Of course, there's also the fact that I didn't even get close to transfer last time, but supposedly the blue pills should help with that, as well as my Femara-less protocol. We can hope that was just a crap cycle and this one will go without a hitch, all the way to transfer.

This in-between state isn't just for this cycle... it's impacting our movement on the adoption application as well. Remember how before we decided this was the end, that I was hesitant about putting energy into two processes at once? I guess I know myself pretty well. I am having a hard time dedicating time and energy to both processes when I'm feeling so sad about our losses. Everything I've read says that you need time to mourn your loss of a biological child before moving full steam ahead with adoption, that it's fairest to you and to the baby you are creating a family for, together. We've done so much mourning already--we have no chance anymore of a biological child who is 50/50 both of our genes. That's gone. If the 2PNs don't work out well, then we officially lose Bryce's genetic contribution, and while we've been mourning that, now it will be totally beyond the realm of possibility. Then, our last effort for pregnancy will be my genes and our sperm donor's genes... and if that doesn't work out then we will be done, done, done. So we're mourning piecemeal, one string of DNA at a time.

It does reaffirm how excited we are for a totally new process, for a renewed sense of hope in creating a family, for being equal partners in every way to fill the emptiness in our home and our hearts. That the genetic loss has already been underway eases our mourning process. In theory. In reality, I am finding that my feelings are pretty raw and sad now that we are really in the final throes of our dream to experience pregnancy as a couple. Still able to see the promise and the joy that can be ours through a different pathway, but it's hard.

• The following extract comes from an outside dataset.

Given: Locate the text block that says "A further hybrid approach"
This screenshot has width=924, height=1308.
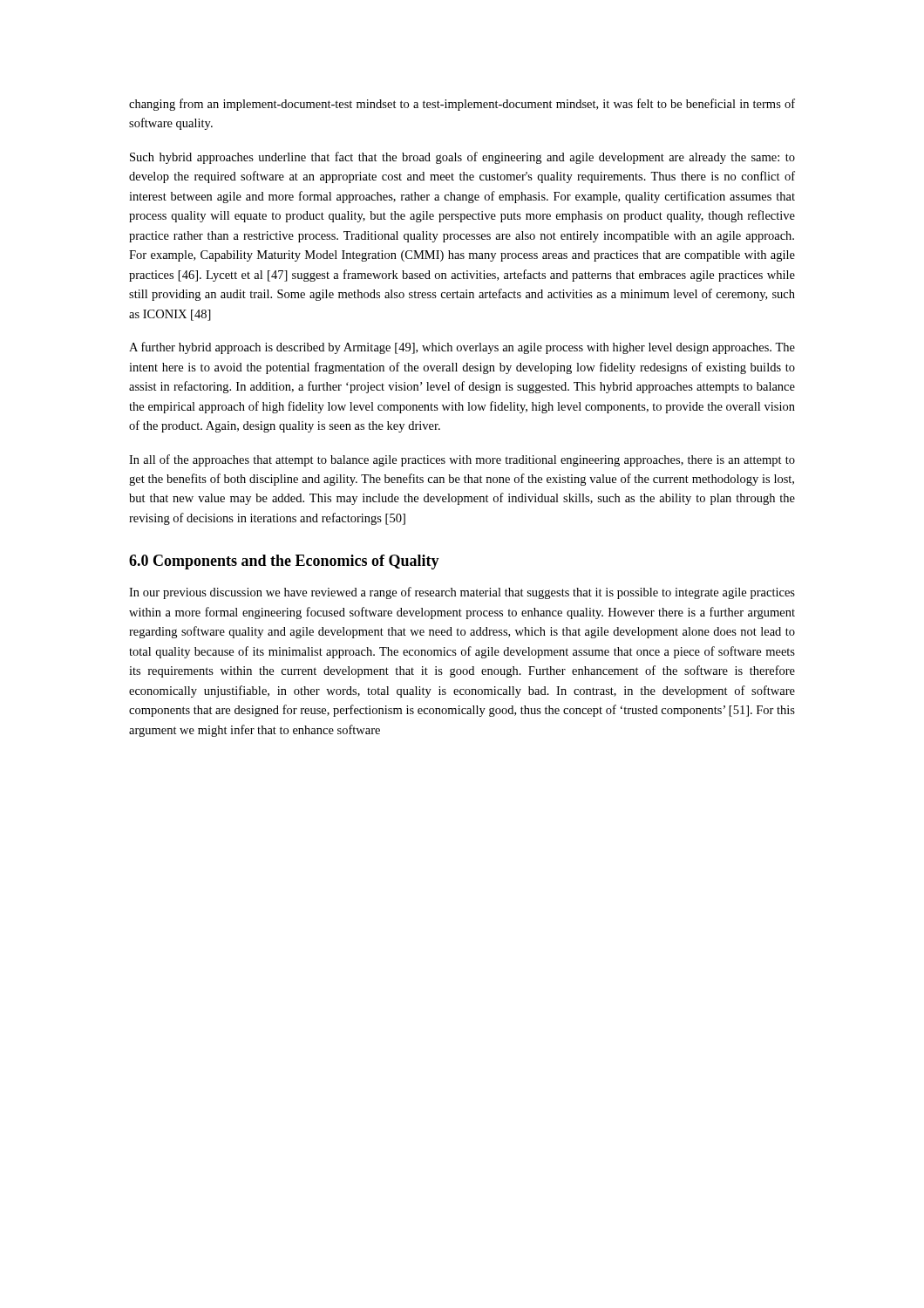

So the application has been languishing a bit. I would really, really like to have it done before the end of January, and be officially registered by February. I would like an official start on this new adventure as the old one is gasping for its last breath. I have had friends who've gone before me say how helpful it was to have an optimistic new start in the works when they received their final bad news. They were still incredibly sad, but it wasn't a hopeless pit of despair. Things were in the works.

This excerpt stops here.